Historical population
| Census | Pop. | Note | %± |
| 1890 | 306 |  | — |
| 1900 | 829 |  | 170.9% |
| 1910 | 744 |  | −10.3% |
| 1920 | 956 |  | 28.5% |
| 1930 | 700 |  | −26.8% |
| 1940 | 857 |  | 22.4% |
| 1950 | 846 |  | −1.3% |
| 1960 | 789 |  | −6.7% |
| 1970 | 739 |  | −6.3% |
| 1980 | 741 |  | 0.3% |
| 1990 | 636 |  | −14.2% |
| 2000 | 656 |  | 3.1% |
| 2010 | 639 |  | −2.6% |
| 2020 | 544 |  | −14.9% |
| 2021 (est.) | 545 |  | 0.2% |
U.S. Decennial Census 2020 Census

===2010 census===
As of the census of 2010, there were 639 people, 261 households, and 175 families residing in the city. The population density was 639.0 PD/sqmi. There were 282 housing units at an average density of 282.0 /sqmi. The racial makeup of the city was 96.7% White, 0.3% Native American, 2.2% from other races, and 0.8% from two or more races. Hispanic or Latino of any race were 2.7% of the population.

There were 261 households, of which 31.8% had children under the age of 18 living with them, 57.9% were married couples living together, 6.5% had a female householder with no husband present, 2.7% had a male householder with no wife present, and 33.0% were non-families. 31.0% of all households were made up of individuals, and 15.3% had someone living alone who was 65 years of age or older. The average household size was 2.43 and the average family size was 3.07.

The median age in the city was 42.3 years. 26.3% of residents were under the age of 18; 7.2% were between the ages of 18 and 24; 20.8% were from 25 to 44; 26% were from 45 to 64; and 19.7% were 65 years of age or older.
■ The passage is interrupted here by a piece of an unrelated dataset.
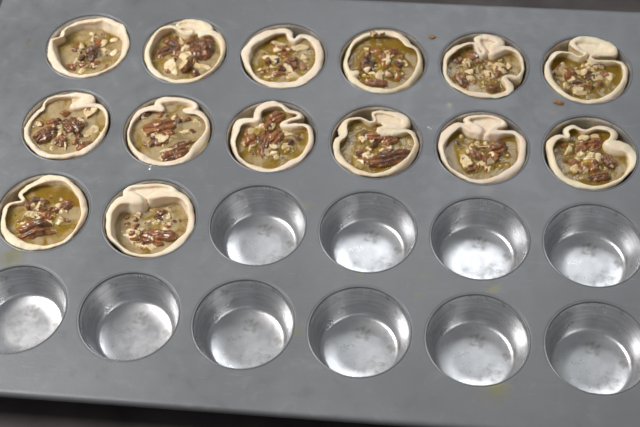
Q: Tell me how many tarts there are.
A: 14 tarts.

The gender makeup of the city was 47.7% male and 52.3% female.

===2000 census===
As of the census of 2000, there were 656 people, 255 households, and 179 families residing in the city. The population density was 424.9 PD/sqmi. There were 284 housing units at an average density of 184.0 /sqmi. The racial makeup of the city was 95.27% White, 0.15% African American, 0.61% Native American, 0.15% Asian, 3.20% from other races, and 0.61% from two or more races. Hispanic or Latino of any race were 4.57% of the population.

There were 255 households, out of which 33.3% had children under the age of 18 living with them, 63.5% were married couples living together, 4.7% had a female householder with no husband present, and 29.8% were non-families. 28.2% of all households were made up of individuals, and 18.4% had someone living alone who was 65 years of age or older. The average household size was 2.54 and the average family size was 3.15.

In the city, the population was spread out, with 29.3% under the age of 18, 4.6% from 18 to 24, 24.5% from 25 to 44, 22.4% from 45 to 64, and 19.2% who were 65 years of age or older. The median age was 39 years. For every 100 females, there were 92.4 males. For every 100 females age 18 and over, there were 89.4 males.

The median income for a household in the city was $36,154, and the median income for a family was $42,361. Males had a median income of $31,985 versus $19,688 for females. The per capita income for the city was $15,974. About 13.6% of families and 15.2% of the population were below the poverty line, including 19.0% of those under age 18 and 22.9% of those age 65 or over.

==Education==
The Argyle school was organized on March 16, 1880. The first school was started in May 1880. The first teacher was Miss Mary Dion and there were 18 people in that school. The new brick school was built and opened in 1905. Elementary wing and library was added in 1969. In 1974 a special election was held to get bonds for the construction and equipment for a new physical education facility.

The schools in Argyle and nearby Stephen began to share faculty in the early 1980s. The positions of Counselor, Learning Disabled Instructor and Speech were the first positions to be shared. Many more positions were shared. In the 1989–90 school year the school boards of both districts began meeting. Two public meetings in both communities were held in 1990 to begin the discussion of sharing the school districts. Ever since the meeting on January 30, 1996, the Stephen Tiger and the Argyle Eagle became united as one creating the Stephen/Argyle Central STORM. Stephen/Argyle is widely known for its high school football program, which won its first state championship in 1999 then 5 State Championships in a row from years 2003-2007 and again in 2009.